The equation of the locus of points on the plane OXY equidistant from points A (5; 4) and B (7; -2) has the form

We need to draw up an equation of the locus of points on the plane ОXY equidistant from points with coordinates A (5; 4) and B (7; – 2).

We will solve the problem as follows:

recall the formula for finding the distance between points on a plane;
denote the points equidistant from A and B by coordinates (x; y);
write down the distance between point A and (x; y);
write down the distance between points B and (x; y);
let’s equate the distances and express one variable in terms of another.
Recall the formula for finding the distance on the plane
The formula for finding the distance between points on a plane looks like this:

AB = √ (xb – xa) ^ 2 + (yb – ya) ^ 2, where points A and B are given by coordinates A (xa, ya) and B (xb, yb).

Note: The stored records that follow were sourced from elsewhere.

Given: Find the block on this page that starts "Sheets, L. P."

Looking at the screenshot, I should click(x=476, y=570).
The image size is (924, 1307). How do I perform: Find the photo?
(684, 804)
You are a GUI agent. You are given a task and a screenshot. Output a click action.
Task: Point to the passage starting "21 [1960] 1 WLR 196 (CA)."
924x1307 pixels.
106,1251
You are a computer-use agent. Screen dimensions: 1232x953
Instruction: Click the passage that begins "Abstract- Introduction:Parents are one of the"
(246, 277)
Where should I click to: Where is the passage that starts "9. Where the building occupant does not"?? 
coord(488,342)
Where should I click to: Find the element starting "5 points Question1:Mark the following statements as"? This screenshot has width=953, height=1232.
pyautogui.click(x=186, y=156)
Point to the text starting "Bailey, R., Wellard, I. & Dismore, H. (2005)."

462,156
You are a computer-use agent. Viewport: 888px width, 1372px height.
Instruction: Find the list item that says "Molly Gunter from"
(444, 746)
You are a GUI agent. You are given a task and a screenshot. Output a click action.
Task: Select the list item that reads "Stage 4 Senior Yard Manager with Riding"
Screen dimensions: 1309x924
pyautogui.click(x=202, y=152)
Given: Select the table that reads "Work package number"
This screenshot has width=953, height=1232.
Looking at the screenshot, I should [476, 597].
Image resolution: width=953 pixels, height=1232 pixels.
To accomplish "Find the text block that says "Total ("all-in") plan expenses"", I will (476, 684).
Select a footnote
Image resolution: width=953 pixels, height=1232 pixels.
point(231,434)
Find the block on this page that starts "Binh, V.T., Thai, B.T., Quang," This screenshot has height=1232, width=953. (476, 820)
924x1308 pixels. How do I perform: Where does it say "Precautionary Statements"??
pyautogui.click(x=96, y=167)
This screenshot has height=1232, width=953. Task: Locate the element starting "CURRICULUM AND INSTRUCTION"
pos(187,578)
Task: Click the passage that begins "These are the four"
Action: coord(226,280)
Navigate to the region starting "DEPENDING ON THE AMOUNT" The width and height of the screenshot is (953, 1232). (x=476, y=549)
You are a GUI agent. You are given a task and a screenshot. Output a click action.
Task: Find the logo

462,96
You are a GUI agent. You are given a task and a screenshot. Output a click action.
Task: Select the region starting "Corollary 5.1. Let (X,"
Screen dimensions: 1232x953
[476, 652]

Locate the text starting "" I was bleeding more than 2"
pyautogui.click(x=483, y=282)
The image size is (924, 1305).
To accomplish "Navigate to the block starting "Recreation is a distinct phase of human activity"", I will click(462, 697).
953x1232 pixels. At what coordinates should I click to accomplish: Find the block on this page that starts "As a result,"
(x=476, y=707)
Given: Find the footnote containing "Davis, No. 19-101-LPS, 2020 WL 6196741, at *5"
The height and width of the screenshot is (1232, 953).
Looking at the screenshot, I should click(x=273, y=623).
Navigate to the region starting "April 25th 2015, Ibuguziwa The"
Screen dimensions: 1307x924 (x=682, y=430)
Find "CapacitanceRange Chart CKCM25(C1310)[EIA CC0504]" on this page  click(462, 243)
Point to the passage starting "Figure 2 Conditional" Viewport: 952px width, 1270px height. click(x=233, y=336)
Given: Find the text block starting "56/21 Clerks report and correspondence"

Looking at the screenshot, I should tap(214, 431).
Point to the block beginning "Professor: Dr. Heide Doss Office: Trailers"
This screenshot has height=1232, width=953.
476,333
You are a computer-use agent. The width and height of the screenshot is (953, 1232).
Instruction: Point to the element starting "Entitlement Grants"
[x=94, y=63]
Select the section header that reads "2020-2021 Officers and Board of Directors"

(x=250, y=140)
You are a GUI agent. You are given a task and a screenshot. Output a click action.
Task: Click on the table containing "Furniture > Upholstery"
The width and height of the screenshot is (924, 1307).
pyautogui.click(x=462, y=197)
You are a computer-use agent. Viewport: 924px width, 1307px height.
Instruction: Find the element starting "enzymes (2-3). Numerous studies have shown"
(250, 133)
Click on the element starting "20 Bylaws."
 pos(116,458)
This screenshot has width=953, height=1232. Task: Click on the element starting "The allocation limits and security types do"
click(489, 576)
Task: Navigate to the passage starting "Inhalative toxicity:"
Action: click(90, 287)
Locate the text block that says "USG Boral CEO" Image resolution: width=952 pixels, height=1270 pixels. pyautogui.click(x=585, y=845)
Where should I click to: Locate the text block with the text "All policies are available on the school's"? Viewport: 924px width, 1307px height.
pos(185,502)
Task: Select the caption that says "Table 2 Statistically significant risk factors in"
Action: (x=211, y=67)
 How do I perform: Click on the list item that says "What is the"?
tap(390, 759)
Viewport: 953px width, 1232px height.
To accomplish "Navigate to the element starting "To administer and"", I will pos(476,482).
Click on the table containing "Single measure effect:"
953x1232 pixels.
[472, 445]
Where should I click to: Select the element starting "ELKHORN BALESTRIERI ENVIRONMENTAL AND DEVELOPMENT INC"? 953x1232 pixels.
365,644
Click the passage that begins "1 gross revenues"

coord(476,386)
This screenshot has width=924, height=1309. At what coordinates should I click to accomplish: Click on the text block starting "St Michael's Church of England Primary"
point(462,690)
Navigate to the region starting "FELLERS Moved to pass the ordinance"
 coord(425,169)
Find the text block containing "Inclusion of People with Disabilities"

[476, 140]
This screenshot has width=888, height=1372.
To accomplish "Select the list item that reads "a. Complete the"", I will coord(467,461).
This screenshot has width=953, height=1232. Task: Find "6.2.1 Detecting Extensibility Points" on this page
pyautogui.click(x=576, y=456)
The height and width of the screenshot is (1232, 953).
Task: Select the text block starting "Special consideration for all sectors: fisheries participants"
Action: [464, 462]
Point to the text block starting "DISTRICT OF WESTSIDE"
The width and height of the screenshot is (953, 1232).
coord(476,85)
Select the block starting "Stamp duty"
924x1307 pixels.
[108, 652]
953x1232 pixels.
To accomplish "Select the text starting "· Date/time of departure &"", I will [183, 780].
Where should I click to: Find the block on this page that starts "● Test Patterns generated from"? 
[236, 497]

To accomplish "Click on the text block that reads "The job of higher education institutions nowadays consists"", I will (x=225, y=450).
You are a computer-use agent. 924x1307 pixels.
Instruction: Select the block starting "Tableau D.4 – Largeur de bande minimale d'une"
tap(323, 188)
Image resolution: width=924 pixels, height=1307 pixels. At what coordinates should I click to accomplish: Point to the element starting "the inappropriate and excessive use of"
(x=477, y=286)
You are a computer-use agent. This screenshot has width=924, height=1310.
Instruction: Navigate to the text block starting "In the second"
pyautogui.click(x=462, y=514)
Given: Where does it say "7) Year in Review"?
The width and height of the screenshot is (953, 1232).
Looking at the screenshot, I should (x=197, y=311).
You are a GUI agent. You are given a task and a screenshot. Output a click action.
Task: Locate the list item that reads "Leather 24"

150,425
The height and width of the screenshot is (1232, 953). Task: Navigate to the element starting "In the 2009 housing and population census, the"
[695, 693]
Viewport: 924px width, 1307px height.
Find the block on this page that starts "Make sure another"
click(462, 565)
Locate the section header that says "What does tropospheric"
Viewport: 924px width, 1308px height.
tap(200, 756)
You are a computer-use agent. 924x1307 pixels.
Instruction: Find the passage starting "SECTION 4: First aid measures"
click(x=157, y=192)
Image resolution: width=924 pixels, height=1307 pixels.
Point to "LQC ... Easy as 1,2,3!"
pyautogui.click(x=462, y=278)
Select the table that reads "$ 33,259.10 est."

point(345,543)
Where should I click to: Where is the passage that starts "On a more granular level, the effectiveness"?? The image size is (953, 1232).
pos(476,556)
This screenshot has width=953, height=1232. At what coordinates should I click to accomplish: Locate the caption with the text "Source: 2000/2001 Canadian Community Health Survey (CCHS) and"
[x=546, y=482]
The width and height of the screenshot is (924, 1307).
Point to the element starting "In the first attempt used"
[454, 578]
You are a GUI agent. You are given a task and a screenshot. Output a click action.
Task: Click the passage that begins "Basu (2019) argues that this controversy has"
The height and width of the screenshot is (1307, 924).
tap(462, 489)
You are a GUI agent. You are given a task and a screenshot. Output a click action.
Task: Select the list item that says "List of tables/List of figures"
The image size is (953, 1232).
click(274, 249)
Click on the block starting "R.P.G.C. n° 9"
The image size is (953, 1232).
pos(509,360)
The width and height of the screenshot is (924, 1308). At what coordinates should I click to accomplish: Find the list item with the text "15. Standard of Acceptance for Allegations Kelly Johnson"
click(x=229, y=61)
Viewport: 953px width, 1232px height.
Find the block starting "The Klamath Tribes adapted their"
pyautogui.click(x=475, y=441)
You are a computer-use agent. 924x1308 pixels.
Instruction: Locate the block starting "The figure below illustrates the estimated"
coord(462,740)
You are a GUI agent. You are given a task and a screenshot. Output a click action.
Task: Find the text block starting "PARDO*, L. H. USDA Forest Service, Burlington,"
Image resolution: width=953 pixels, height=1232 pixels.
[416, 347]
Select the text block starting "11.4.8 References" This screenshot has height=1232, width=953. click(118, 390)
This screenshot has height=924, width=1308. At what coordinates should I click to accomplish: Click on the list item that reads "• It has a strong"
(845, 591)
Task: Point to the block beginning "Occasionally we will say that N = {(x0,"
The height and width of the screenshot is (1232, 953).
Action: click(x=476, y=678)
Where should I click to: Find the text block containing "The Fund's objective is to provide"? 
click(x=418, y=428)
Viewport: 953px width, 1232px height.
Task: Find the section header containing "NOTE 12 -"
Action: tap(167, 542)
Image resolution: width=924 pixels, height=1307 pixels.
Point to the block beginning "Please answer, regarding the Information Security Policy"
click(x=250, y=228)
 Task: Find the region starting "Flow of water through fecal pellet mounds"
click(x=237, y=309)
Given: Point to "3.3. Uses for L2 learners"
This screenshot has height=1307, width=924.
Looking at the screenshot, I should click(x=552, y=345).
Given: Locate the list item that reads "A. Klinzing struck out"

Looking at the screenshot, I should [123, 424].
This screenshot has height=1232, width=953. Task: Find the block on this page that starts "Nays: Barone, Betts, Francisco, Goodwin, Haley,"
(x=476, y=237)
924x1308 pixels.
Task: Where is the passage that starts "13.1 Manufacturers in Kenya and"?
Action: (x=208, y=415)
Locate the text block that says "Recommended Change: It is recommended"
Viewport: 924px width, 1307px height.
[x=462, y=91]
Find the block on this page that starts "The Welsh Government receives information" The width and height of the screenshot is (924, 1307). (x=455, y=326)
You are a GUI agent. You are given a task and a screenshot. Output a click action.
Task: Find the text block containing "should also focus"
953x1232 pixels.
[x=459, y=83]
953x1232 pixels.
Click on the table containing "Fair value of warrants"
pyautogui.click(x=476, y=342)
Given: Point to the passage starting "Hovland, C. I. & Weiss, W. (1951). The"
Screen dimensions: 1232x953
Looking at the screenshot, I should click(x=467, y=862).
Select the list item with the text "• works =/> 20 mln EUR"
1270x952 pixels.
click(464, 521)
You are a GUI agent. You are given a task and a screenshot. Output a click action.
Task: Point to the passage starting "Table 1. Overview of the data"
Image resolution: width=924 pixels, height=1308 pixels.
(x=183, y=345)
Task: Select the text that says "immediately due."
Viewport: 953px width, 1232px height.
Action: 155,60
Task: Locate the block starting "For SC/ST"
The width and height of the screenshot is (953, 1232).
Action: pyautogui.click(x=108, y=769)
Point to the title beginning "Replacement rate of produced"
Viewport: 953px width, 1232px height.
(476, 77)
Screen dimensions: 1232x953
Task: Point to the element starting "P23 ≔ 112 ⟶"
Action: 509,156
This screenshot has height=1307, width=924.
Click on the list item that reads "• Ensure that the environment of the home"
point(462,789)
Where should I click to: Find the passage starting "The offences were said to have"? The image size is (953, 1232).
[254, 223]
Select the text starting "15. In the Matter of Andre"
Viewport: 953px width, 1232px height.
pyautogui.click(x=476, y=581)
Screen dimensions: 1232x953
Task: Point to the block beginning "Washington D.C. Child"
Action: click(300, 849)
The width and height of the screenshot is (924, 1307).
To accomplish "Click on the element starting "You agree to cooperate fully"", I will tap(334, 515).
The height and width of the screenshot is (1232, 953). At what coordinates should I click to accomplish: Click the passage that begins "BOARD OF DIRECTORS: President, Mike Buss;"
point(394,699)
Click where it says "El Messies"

We remembered the formula, now we can write down the distance between points A with coordinates (5; 4) and (x; y) and points B with coordinates (7; – 2) and (x; y).

Let’s compose the equation of the locus of points
We write down the distance between point A (5; 4) and (x; y):

√ ((x – 5) ^ 2 + (y – 4) ^ 2);

We write down the distance between points B (7; – 2) and (x; y):

√ ((x – 7) ^ 2 + (y + 2) ^ 2;

Since the locus of points on the plane ОXY equidistant from points A and B, we equate the obtained expressions:

√ ((x – 5) ^ 2 + (y – 4) ^ 2) = √ ((x – 7) ^ 2 + (y + 2) ^ 2;

(x – 5) ^ 2 + (y – 4) ^ 2 = (x – 7) ^ 2 + (y + 2) ^ 2;

We open the brackets, transfer all the terms to the right and give similar ones.

x ^ 2 – 10x + 25 + y ^ 2 – 8y + 16 = x ^ 2 – 14x + 49 + y ^ 2 + 4y + 4;

x ^ 2 – x ^ 2 – 10x + 14x + y ^ 2 – y ^ 2 – 8y – 4y + 25 + 16 – 49 – 4 = 0;

4x – 12y – 12 = 0;

x – 3y – 3 = 0;

x = 3y + 3;

or

y = (x – 3) / 3 = x / 3 – 1.

Answer: y = x / 3 – 1 and x = 3y + 3.